**Problem description:** Select every line containing the word "successful" from the material, and copy those lines.

**Entries supplied:**
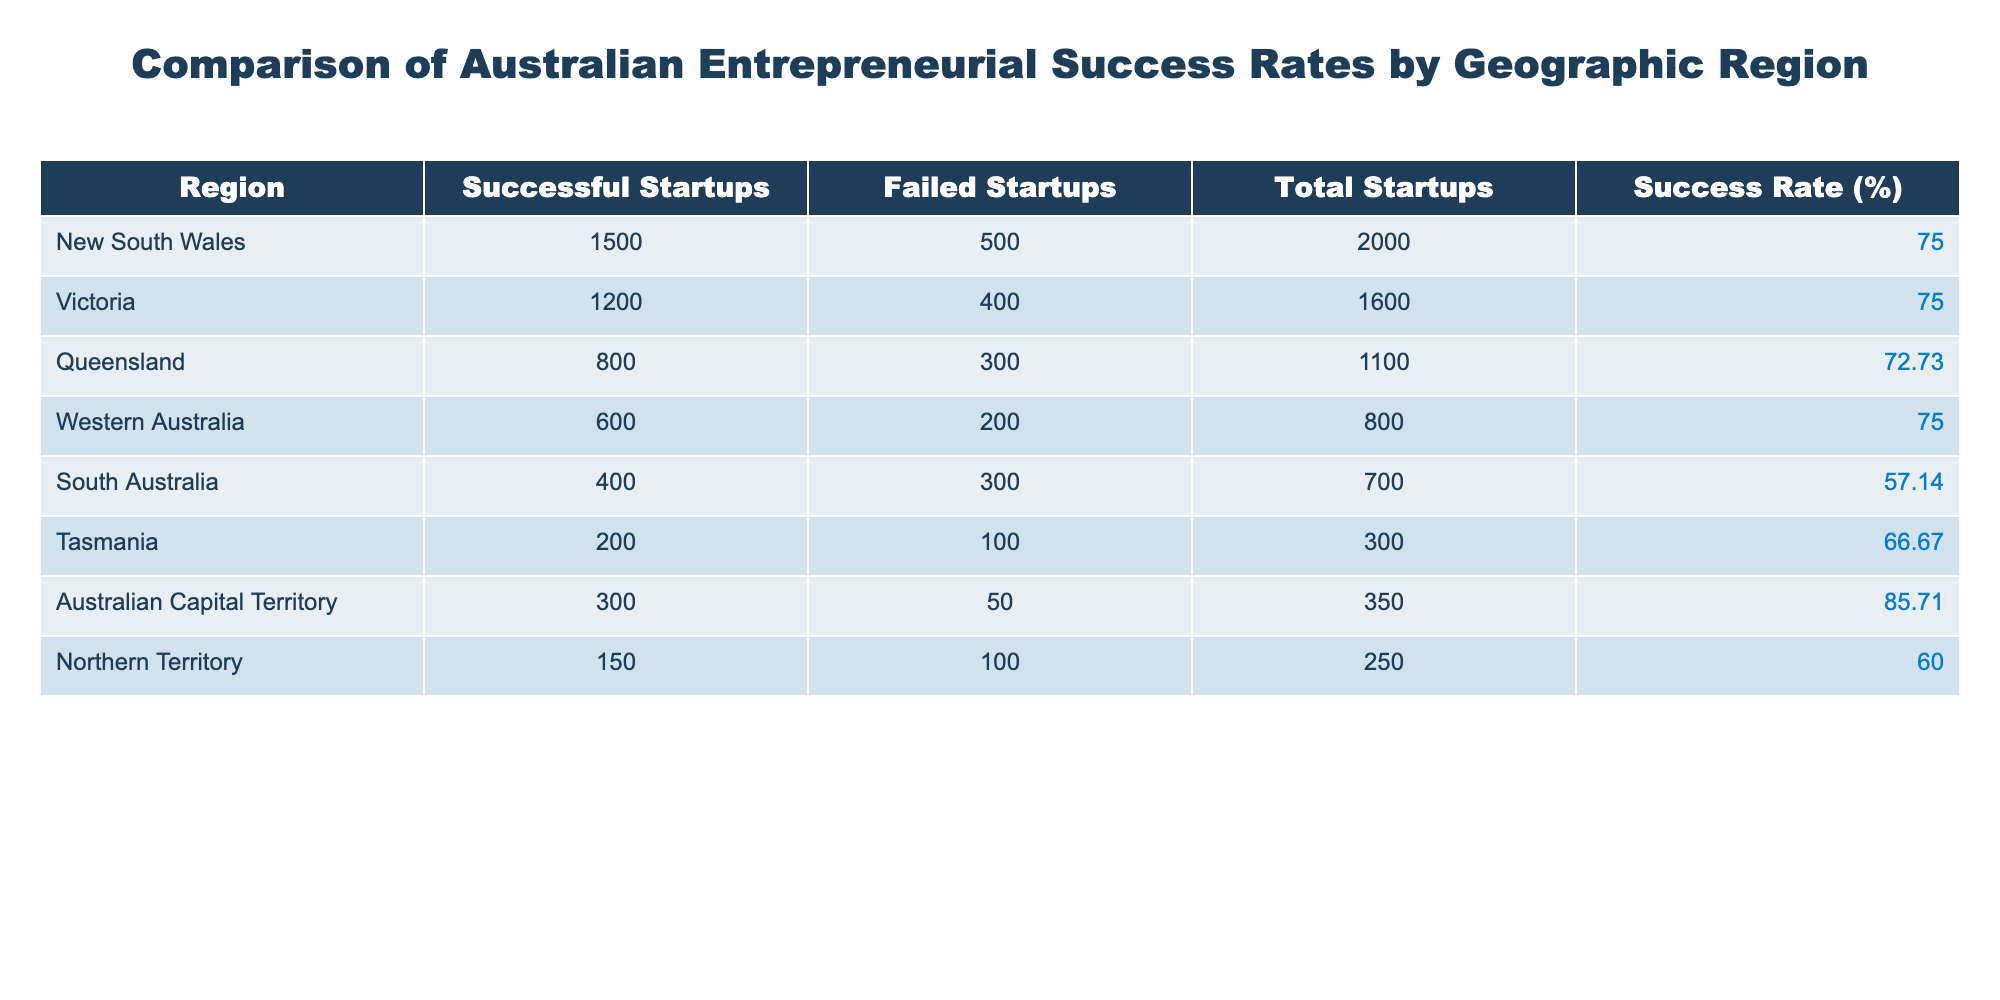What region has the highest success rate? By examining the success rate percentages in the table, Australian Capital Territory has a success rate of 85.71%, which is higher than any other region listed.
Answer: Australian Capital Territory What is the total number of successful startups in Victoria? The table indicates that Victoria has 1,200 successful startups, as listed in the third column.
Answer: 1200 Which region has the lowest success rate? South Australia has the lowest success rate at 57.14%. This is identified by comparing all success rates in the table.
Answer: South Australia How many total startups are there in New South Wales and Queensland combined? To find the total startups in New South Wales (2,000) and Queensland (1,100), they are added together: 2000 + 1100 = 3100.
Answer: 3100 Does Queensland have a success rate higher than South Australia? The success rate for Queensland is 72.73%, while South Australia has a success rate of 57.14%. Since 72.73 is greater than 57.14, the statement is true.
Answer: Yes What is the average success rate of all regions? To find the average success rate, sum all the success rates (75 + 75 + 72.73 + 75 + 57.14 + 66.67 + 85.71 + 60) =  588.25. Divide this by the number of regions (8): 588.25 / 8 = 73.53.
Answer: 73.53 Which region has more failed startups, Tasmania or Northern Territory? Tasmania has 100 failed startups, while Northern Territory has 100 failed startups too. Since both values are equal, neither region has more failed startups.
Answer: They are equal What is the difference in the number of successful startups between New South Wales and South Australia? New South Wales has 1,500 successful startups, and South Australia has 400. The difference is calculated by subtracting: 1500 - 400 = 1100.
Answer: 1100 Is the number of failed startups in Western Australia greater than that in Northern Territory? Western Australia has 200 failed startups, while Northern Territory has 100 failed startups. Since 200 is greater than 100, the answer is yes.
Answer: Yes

**Final answer:**
Answer: Australian Capital Territory What is the total number of successful startups in Victoria? The table indicates that Victoria has 1,200 successful startups, as listed in the third column.
Answer: They are equal What is the difference in the number of successful startups between New South Wales and South Australia? New South Wales has 1,500 successful startups, and South Australia has 400. The difference is calculated by subtracting: 1500 - 400 = 1100.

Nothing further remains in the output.